Exercise requirements: Beginning with the first line of the data below, set down each line exactly through the line that contains "Numbers: x, y, z, sx, sy, sz, roll, pitch, yaw.".
* * * * * * *
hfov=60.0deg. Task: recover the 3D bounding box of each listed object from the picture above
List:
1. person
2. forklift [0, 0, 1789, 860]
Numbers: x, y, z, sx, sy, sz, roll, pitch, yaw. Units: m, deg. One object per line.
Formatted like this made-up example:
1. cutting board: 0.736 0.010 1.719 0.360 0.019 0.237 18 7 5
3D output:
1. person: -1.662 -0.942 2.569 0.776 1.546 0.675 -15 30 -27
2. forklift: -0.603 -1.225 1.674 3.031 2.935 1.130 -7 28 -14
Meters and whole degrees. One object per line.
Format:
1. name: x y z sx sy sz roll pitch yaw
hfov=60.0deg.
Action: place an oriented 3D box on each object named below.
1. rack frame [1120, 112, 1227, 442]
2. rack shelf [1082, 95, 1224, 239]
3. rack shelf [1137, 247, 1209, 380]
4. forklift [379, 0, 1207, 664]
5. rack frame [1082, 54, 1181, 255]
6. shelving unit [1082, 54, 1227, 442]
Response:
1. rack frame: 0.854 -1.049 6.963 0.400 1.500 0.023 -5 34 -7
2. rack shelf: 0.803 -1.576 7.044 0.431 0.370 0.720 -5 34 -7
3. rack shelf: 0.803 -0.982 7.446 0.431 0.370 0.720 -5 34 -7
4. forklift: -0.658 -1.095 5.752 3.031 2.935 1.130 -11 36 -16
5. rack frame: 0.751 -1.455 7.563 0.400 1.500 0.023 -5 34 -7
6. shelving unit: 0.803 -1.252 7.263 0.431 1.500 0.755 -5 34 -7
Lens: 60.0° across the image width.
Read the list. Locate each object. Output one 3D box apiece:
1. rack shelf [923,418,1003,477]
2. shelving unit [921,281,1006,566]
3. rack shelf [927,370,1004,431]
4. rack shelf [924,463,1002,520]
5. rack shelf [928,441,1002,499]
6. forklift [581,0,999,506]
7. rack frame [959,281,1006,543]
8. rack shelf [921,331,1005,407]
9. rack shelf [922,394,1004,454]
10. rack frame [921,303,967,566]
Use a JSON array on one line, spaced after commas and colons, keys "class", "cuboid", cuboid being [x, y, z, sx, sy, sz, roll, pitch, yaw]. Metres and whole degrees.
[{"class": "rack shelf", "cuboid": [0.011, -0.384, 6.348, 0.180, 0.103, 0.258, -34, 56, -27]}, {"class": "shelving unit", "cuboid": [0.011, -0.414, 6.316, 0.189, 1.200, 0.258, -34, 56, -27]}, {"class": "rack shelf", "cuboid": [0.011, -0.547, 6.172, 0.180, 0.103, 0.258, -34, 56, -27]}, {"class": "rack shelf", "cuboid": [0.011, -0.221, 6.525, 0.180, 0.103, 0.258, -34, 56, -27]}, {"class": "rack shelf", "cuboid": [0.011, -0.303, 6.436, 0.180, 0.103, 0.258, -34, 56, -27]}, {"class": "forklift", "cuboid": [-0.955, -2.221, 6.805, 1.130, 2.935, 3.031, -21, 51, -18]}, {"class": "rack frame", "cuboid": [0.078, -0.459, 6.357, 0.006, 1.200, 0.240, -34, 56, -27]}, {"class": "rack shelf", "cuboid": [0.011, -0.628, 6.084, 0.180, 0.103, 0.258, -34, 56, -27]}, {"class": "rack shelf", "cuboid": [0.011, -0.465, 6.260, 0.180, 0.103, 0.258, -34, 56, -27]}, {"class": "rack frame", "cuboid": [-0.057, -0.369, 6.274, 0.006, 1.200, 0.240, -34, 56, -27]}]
* * * * * * *
Answer space:
hfov=60.0deg. Task: recover the 3D bounding box of each listed object from the picture above
List:
1. person
2. forklift [0, 0, 1789, 860]
Numbers: x, y, z, sx, sy, sz, roll, pitch, yaw. Units: m, deg. One object per line.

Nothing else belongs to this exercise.